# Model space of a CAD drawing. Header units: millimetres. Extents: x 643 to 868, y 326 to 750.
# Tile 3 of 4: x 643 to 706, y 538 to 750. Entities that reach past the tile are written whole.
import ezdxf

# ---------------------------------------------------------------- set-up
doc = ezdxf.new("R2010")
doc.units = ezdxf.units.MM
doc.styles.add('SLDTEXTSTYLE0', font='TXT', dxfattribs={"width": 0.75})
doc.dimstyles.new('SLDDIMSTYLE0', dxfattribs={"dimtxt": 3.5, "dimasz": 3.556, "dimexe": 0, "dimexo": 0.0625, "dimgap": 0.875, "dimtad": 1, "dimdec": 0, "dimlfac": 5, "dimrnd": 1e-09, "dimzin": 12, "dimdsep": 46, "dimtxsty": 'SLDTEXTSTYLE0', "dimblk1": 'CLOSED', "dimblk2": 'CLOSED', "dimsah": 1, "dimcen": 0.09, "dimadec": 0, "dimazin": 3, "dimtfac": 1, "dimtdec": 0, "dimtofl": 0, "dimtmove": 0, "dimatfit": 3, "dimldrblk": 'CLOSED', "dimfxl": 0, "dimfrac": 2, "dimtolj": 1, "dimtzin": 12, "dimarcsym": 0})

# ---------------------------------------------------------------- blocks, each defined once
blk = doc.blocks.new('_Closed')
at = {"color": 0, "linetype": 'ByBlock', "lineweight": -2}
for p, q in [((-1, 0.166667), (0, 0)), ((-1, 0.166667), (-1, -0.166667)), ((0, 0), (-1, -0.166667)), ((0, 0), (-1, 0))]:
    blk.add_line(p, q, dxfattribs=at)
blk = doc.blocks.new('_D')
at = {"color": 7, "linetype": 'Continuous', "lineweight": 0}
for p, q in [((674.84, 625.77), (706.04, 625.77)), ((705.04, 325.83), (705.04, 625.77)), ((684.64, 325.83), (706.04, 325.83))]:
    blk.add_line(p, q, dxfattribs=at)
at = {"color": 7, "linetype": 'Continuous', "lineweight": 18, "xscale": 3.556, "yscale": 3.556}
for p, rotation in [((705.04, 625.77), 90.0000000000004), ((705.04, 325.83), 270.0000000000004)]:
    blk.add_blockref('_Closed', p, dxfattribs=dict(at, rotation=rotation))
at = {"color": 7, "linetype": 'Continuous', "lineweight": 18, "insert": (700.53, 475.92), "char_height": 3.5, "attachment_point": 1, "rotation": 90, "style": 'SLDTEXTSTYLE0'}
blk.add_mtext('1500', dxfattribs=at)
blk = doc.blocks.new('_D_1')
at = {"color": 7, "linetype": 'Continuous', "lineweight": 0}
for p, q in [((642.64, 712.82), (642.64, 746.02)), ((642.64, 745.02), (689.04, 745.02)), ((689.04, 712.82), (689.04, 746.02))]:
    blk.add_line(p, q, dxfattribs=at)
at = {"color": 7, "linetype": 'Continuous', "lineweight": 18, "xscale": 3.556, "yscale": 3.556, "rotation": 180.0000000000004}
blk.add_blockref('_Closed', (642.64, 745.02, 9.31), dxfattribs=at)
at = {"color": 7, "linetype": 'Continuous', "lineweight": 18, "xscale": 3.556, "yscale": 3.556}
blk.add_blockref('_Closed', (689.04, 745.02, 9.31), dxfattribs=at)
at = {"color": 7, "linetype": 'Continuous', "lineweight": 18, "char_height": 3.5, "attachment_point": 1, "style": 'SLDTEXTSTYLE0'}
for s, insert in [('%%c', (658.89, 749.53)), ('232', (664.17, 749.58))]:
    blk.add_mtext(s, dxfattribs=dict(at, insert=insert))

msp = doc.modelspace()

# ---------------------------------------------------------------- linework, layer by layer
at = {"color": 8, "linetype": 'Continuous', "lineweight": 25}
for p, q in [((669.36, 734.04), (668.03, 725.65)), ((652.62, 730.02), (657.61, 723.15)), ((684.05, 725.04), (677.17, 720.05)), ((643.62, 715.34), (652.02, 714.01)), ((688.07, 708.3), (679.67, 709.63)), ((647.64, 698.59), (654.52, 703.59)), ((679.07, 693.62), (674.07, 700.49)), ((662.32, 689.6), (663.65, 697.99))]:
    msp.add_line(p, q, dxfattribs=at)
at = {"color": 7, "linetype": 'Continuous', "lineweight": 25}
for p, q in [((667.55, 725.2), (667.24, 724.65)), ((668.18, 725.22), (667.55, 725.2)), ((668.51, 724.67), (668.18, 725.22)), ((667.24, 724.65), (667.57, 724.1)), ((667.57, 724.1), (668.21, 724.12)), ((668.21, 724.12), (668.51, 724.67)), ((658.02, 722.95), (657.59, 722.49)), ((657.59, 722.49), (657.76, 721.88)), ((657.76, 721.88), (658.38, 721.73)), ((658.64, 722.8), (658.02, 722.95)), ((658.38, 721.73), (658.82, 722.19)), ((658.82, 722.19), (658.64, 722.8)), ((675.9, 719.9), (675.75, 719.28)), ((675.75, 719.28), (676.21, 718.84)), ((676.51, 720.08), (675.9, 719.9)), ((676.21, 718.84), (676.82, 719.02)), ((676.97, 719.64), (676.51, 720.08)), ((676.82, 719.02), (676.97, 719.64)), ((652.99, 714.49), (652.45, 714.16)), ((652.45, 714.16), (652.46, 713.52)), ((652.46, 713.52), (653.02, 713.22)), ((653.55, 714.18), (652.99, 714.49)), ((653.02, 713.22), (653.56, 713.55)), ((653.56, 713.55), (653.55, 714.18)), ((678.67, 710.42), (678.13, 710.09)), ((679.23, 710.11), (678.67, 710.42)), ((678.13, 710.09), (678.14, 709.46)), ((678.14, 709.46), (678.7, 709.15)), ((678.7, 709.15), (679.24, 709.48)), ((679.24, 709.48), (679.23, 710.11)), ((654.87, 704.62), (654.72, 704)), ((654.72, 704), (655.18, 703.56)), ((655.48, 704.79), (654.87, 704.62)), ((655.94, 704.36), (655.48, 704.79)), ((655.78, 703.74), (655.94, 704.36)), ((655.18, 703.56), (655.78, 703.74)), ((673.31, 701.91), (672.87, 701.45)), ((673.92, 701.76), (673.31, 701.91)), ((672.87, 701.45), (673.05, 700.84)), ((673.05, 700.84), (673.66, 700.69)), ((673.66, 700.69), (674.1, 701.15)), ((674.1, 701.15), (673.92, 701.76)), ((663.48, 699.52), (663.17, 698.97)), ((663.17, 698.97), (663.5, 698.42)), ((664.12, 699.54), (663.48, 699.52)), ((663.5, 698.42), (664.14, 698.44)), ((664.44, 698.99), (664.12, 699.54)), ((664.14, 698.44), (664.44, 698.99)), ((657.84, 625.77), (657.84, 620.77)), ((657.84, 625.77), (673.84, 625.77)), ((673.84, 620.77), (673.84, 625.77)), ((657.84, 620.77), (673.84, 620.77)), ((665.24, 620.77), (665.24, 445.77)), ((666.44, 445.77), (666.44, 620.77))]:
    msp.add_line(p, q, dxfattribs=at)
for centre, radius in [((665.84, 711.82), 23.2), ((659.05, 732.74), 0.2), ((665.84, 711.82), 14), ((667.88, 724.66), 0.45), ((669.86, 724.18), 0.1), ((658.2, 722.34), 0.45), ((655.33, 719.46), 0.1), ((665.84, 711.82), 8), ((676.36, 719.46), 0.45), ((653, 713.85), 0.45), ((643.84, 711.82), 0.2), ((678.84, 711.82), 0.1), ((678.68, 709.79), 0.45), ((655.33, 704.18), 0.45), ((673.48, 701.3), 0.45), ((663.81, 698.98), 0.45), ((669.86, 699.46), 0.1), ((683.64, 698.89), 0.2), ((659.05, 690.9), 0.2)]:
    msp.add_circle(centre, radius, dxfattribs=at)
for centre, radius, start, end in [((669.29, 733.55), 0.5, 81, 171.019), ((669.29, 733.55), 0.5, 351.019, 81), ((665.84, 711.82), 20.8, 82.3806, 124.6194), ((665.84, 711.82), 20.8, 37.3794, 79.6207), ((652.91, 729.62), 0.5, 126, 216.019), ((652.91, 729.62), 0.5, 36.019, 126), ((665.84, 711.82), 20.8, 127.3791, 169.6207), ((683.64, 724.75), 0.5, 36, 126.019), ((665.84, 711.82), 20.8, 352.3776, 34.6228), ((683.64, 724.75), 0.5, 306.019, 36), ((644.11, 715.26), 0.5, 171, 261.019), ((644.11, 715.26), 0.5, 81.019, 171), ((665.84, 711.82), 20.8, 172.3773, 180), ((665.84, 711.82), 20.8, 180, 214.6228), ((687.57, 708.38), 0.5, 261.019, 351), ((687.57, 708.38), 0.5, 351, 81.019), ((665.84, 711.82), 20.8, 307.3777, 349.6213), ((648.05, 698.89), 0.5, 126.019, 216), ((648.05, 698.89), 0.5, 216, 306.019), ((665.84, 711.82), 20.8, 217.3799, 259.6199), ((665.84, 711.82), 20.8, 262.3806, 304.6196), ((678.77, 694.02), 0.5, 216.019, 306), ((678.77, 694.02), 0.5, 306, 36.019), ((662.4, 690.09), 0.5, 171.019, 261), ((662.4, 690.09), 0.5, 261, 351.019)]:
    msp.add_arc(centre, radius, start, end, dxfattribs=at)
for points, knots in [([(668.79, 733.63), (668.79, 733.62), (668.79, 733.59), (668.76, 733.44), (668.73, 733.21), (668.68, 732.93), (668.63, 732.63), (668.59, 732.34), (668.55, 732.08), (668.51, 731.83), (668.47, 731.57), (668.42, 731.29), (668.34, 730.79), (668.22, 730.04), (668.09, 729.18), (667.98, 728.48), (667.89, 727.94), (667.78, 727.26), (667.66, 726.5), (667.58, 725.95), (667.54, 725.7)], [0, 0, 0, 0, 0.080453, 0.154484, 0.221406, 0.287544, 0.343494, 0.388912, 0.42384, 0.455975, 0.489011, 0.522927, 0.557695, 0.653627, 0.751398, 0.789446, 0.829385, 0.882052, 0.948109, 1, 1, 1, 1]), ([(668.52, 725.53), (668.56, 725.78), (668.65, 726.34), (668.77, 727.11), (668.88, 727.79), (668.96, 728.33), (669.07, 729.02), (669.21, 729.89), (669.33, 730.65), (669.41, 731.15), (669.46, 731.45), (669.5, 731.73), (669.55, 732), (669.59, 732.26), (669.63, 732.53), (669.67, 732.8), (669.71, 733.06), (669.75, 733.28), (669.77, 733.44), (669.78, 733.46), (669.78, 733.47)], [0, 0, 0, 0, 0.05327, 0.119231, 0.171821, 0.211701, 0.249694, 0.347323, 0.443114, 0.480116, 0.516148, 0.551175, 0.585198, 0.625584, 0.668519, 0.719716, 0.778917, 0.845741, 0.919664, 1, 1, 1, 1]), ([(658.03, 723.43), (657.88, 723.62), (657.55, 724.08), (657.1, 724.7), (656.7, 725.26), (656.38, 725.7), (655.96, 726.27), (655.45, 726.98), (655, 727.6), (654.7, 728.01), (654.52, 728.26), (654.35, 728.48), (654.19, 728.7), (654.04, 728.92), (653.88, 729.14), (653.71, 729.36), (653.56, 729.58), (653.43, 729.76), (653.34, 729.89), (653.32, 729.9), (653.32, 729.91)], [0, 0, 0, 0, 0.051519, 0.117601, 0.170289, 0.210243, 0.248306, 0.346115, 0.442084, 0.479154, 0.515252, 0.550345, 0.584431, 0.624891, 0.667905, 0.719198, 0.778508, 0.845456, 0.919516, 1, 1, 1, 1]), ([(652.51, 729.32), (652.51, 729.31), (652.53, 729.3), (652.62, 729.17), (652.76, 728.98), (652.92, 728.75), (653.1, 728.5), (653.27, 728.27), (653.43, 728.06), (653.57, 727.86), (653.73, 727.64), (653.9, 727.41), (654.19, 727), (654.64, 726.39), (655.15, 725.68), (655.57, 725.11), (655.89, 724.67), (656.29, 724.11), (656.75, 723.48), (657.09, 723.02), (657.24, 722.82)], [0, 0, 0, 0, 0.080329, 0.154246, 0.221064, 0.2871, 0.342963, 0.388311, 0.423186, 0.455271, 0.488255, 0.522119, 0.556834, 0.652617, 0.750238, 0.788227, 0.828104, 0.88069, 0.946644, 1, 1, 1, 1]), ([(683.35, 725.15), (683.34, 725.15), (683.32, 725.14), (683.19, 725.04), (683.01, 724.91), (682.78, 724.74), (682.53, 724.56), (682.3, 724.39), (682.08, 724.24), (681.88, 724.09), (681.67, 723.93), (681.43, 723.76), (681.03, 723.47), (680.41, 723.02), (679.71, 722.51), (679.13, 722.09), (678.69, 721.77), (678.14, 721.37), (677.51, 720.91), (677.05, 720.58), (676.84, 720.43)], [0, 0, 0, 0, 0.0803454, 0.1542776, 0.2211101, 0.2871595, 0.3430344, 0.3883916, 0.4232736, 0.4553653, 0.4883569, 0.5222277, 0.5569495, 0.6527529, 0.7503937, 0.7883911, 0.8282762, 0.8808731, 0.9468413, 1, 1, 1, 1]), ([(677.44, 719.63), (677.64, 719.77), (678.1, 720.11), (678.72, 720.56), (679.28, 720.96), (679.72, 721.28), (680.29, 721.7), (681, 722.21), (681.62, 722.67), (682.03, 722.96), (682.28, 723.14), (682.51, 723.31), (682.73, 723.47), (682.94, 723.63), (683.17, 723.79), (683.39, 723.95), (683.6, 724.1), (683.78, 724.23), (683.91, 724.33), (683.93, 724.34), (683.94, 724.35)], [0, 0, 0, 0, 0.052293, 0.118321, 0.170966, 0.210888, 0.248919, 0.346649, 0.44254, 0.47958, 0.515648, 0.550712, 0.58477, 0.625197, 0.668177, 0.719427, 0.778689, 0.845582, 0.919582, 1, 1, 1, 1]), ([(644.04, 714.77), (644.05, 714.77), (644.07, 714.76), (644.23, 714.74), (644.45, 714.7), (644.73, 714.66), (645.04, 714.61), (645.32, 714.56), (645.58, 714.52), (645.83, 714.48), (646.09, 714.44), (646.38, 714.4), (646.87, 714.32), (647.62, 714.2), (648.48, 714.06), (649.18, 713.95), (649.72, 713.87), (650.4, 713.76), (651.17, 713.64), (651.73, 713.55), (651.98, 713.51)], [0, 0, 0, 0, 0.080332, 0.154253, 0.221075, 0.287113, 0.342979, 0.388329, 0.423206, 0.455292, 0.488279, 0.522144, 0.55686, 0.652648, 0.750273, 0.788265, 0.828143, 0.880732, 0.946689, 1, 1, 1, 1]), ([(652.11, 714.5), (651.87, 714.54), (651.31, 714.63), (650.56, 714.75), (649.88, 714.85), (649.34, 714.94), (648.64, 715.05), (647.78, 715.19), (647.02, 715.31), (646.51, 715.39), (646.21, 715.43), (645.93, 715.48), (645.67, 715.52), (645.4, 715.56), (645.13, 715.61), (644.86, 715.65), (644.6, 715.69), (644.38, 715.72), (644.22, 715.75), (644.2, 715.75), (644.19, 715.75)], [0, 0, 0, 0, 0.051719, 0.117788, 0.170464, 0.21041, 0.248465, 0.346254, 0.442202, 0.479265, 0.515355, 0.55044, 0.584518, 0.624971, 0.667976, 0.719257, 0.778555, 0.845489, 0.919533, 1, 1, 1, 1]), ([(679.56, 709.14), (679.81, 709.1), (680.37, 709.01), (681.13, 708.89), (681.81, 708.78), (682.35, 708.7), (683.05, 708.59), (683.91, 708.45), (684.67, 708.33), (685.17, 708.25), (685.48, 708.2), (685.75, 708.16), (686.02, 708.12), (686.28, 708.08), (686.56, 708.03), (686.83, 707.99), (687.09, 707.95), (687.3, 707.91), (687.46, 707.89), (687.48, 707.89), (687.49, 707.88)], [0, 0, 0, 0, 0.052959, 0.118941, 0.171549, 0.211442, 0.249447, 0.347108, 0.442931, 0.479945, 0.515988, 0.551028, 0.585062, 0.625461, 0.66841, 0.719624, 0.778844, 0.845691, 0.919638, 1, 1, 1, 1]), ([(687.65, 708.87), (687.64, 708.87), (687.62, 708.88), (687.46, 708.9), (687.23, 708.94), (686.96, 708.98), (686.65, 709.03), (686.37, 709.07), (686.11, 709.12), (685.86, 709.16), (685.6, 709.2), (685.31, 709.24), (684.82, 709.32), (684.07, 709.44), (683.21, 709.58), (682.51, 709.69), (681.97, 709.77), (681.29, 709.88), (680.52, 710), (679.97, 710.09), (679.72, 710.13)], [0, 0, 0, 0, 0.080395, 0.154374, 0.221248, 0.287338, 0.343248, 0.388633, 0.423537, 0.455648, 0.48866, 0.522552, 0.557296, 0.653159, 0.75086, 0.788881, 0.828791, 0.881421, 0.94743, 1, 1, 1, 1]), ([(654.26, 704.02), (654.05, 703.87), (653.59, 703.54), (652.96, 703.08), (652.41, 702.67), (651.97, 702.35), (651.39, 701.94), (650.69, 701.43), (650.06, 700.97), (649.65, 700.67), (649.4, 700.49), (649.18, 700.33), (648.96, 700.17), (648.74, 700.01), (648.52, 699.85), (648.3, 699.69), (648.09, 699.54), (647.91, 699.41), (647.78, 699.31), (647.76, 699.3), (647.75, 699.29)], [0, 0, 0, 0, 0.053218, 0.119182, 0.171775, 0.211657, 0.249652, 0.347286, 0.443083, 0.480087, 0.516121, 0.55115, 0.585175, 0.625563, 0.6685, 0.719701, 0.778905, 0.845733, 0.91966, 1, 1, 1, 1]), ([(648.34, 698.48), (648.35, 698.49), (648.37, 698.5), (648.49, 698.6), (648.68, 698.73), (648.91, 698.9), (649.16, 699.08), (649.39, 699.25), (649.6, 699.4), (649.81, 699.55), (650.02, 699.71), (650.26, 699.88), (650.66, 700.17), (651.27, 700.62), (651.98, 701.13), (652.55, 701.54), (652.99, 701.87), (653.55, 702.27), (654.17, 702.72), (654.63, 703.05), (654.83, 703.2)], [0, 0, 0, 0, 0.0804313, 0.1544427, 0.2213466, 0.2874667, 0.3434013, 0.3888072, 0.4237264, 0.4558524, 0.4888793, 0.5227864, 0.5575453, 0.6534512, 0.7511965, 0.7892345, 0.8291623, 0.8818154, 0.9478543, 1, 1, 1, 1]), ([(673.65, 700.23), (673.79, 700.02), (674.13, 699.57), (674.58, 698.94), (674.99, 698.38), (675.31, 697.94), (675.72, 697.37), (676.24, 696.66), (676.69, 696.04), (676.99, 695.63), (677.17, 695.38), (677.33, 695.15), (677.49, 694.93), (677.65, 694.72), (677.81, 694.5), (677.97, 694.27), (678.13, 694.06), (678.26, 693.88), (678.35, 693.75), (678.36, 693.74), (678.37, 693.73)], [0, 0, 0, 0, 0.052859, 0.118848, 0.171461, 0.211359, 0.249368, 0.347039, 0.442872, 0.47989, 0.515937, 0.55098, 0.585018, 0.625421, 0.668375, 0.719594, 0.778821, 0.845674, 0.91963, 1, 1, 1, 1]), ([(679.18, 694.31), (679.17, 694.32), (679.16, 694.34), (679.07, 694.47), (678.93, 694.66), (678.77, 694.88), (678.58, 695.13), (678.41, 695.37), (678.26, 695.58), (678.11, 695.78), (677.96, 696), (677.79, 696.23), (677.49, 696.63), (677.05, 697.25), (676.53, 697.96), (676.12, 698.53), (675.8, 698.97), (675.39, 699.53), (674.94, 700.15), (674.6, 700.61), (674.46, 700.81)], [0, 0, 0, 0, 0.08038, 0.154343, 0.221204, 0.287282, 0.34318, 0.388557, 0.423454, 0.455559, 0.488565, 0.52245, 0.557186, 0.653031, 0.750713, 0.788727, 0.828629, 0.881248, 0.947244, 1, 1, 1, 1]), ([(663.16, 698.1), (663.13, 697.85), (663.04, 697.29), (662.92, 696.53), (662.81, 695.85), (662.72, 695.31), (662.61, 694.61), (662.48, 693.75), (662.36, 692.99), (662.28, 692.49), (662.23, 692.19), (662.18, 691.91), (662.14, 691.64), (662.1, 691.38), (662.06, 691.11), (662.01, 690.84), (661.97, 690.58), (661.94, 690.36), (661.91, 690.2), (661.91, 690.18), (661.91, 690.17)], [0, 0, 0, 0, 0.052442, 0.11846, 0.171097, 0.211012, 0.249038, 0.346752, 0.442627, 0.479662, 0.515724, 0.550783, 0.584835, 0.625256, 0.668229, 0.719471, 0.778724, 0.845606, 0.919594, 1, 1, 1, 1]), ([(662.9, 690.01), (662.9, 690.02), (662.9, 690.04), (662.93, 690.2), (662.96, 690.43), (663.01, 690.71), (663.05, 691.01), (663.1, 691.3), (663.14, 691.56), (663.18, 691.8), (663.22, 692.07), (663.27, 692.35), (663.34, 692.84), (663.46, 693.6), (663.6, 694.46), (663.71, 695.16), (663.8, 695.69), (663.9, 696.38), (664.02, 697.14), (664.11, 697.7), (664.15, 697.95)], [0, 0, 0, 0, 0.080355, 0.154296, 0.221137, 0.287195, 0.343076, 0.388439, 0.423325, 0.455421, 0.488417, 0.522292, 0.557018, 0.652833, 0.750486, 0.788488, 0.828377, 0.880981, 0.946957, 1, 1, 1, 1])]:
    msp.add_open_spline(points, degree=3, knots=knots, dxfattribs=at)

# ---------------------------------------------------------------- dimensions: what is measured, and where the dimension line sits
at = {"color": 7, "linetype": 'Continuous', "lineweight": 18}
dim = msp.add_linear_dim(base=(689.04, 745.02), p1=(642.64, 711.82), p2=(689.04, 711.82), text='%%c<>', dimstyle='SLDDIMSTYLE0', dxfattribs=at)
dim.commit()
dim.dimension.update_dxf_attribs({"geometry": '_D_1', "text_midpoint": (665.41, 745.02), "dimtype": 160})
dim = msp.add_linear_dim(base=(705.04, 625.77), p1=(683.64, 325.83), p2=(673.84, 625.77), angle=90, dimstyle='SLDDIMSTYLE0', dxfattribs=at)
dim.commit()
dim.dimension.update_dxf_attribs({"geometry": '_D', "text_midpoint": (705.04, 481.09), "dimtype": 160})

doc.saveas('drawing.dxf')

========================================================================

[THE PROBLEM] Quote, word for word, every line from the top of the entries through the line that holds "import ezdxf".

[TASK RESULT]
# Model space of a CAD drawing. Header units: millimetres. Extents: x 643 to 868, y 326 to 750.
# Tile 3 of 4: x 643 to 706, y 538 to 750. Entities that reach past the tile are written whole.
import ezdxf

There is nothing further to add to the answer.